When an American citizen or permanent resident (commonly known as a green card holder) dies, his heirs (except his spouse) are obliged to declare the total amount of the estate and pay the inheritance tax, no matter where his estate is located on the earth. The inheritance of non-citizens or non-permanent residents in the United States is determined by whether the parties concerned have officially lived in the United States (where they are registered) and whether they must pay inheritance tax and gift tax in the United States after their death. The definition of official residence here is not the standard of whether the immigration bureau has the right of abode, nor is it different from the concept of residents in the income tax law. Residents in the income tax law take the residence time in the United States (more than 3 1 day) as the standard, which is straightforward. The official residence in the inheritance tax is actually vague.

Distribution before taxation is the most striking feature of American inheritance tax system. According to the law, the estate administrator or executor must pay taxes in cash within 9 months after the death of the original property owner before distributing the estate. If you can't get the money temporarily, the time for applying for deferred payment shall not exceed 6 months. If someone left a taxable legacy of more than 2 million in 2000, according to the inheritance tax rate of 49% of the $2 million to $2.5 million at that time, his heirs had to pay nearly one million inheritance tax to get this property. The greater the total taxable estate, the higher the tax rate, and the more taxes the heirs need to pay first.

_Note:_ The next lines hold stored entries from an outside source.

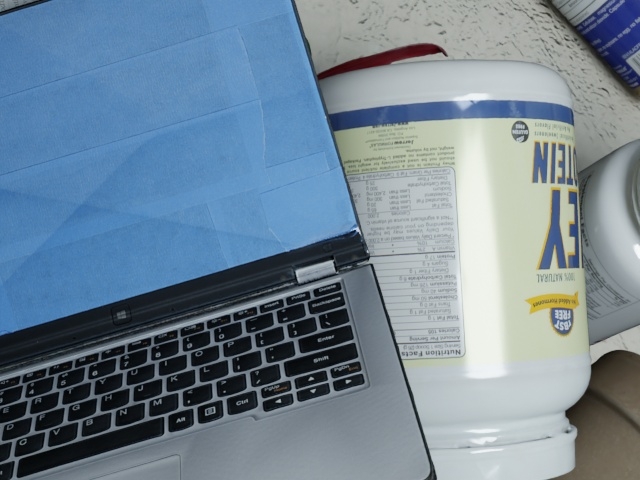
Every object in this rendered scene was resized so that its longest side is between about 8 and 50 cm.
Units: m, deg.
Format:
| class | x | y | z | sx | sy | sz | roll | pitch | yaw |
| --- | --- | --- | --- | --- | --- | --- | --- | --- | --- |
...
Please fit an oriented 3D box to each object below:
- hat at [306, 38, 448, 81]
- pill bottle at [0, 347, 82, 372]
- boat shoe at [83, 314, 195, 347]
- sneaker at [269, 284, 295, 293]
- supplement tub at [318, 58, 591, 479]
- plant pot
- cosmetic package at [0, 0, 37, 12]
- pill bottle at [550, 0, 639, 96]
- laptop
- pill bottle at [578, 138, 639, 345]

What is the definition of inheritance?

The definition of heritage includes movable and immovable property, tangible and intangible personal property. For example, money is a tangible asset, while property rights in company shares, bonds, insurance policies, pensions and intellectual property rights are intangible assets. The value of intangible assets is generally determined according to the fair market price at that time. For example, the value of real estate and stocks is determined according to the market price at that time. The federal inheritance tax adopts an excessive progressive system, and the tax rate is divided into 18 grades, ranging from 18% to 50%, which is directly related to the total value of the estate. The more inheritance, the higher the tax rate.